As a white, it makes me somewhat sick to my stomach to think that I might have benefited from affirmative action. If Asians are better than me, score better than me, I shouldn't displace any of them in the university.

I think this issue of fairness is a distraction. Focus on changing the world instead.

what is one to think when affirmative action programs are in place?

I wish I could be 100 percent sure that today's affirmative action programs operate like the first one I heard of (in 1968), when the idea of the program is that it connected students who didn't have college-educated parents to colleges that easily gained applications from children of alumni, but didn't get many applications from first-generation college students. Then what I would think of anyone admitted under an affirmative action program is, "It's only fair that he is here too, even though he didn't have the advantage I had of being a third-generation college student." But it's not clear now, college-by-college, just what happens in detail when the admission committee meets to decide whom to admit.

The great majority of United States colleges admit nearly all of their applicants. Hundreds of colleges have explicit open-enrollment policies. So this whole issue only pertains to a small subset of the most desired colleges, colleges that reject the majority of their applicants.

FYI, the whole idea of affirmative action used to bother me enormously.

But not so much now that I realize that working for others is not a desirable goal.

"As a white, it makes me somewhat sick to my stomach to think that I might have benefited from affirmative action. If Asians are better than me, score better than me, I shouldn't displace any of them in the university."

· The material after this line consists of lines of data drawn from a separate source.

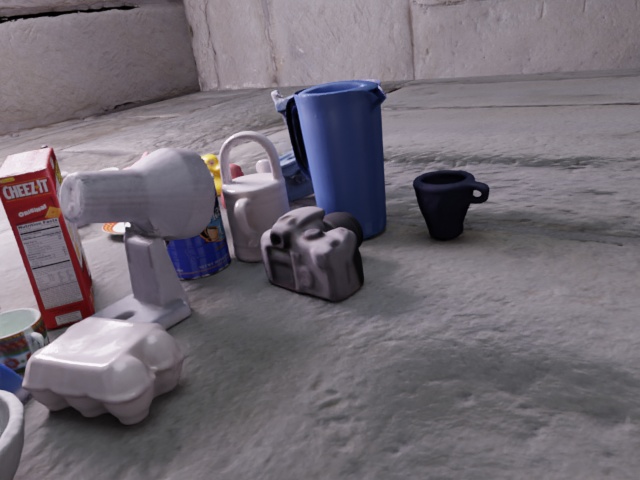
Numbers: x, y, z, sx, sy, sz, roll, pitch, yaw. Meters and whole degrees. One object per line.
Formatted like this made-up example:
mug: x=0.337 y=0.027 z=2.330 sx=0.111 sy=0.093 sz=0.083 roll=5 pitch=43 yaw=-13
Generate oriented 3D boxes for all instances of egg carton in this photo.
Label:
egg carton: x=-0.219 y=0.131 z=0.588 sx=0.150 sy=0.069 sz=0.107 roll=1 pitch=23 yaw=22

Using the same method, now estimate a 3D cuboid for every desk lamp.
desk lamp: x=-0.225 y=0.002 z=0.719 sx=0.117 sy=0.214 sz=0.204 roll=8 pitch=27 yaw=36

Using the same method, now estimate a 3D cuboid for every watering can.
watering can: x=-0.102 y=-0.075 z=0.897 sx=0.101 sy=0.194 sz=0.172 roll=-12 pitch=22 yaw=-9

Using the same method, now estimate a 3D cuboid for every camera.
camera: x=0.007 y=0.003 z=0.788 sx=0.142 sy=0.101 sz=0.137 roll=13 pitch=30 yaw=42

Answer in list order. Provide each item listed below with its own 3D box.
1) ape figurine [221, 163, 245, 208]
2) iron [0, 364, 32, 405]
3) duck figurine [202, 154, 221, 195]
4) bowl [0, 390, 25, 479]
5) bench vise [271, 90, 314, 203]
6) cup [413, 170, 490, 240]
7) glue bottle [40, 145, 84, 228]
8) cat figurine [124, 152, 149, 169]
ape figurine: x=-0.167 y=-0.108 z=1.142 sx=0.076 sy=0.092 sz=0.077 roll=-25 pitch=27 yaw=-36
iron: x=-0.411 y=0.146 z=0.520 sx=0.118 sy=0.141 sz=0.259 roll=13 pitch=29 yaw=42
duck figurine: x=-0.247 y=-0.149 z=1.282 sx=0.104 sy=0.086 sz=0.078 roll=2 pitch=24 yaw=24
bowl: x=-0.313 y=0.195 z=0.453 sx=0.167 sy=0.075 sz=0.167 roll=-7 pitch=21 yaw=3
bench vise: x=-0.012 y=-0.185 z=1.105 sx=0.207 sy=0.220 sz=0.121 roll=-9 pitch=22 yaw=-1
cup: x=0.199 y=-0.049 z=0.857 sx=0.117 sy=0.095 sz=0.092 roll=11 pitch=28 yaw=40
glue bottle: x=-0.531 y=-0.107 z=1.159 sx=0.078 sy=0.173 sz=0.037 roll=-7 pitch=22 yaw=3
cat figurine: x=-0.356 y=-0.130 z=1.230 sx=0.127 sy=0.118 sz=0.067 roll=2 pitch=24 yaw=24

I didn't know this when I first heard of affirmative actions (moved to the US in junior year) but predominantly Black Colleges have to adhere to quotas too but have a hard time doing so. Many of those colleges simply do not get enough white or other ethnicity applicants. In fact, some give full scholarships to white students to try to attract them.

So a measure that is supposed to help bring more minorities to college actually causes them to loose places they previously had.

Frankly, having grown up in Canada, I had never really thought of the question until I moved to the US. I guess we sorta have a blind eye to those issues up here. Dunno if that's good or bad.

predominantly Black Colleges have to adhere to quotas too

Actually, quotas are strictly against the law under the Bakke decision

http://www.oyez.org/cases/1970-1979/1977/1977_76_811/

for all state universities, and I have every reason to expect that an explicit quota would be found illegal for a private university under the general federal civil rights statute enforced by the Department of Education. But colleges appear to have suspiciously consistent numbers from year to year without admitting to having quotas.

See

http://talk.collegeconfidential.com/1063172559-post8.html

for examples of colleges with large numbers of students officially reported to the federal government as "race unknown."

Hey, I got into Princeton because they hadn't admitted anyone, much less a white middle class male, from Western Michigan in a few years.

Everyone catches a break. No use crying over it. Exploit it.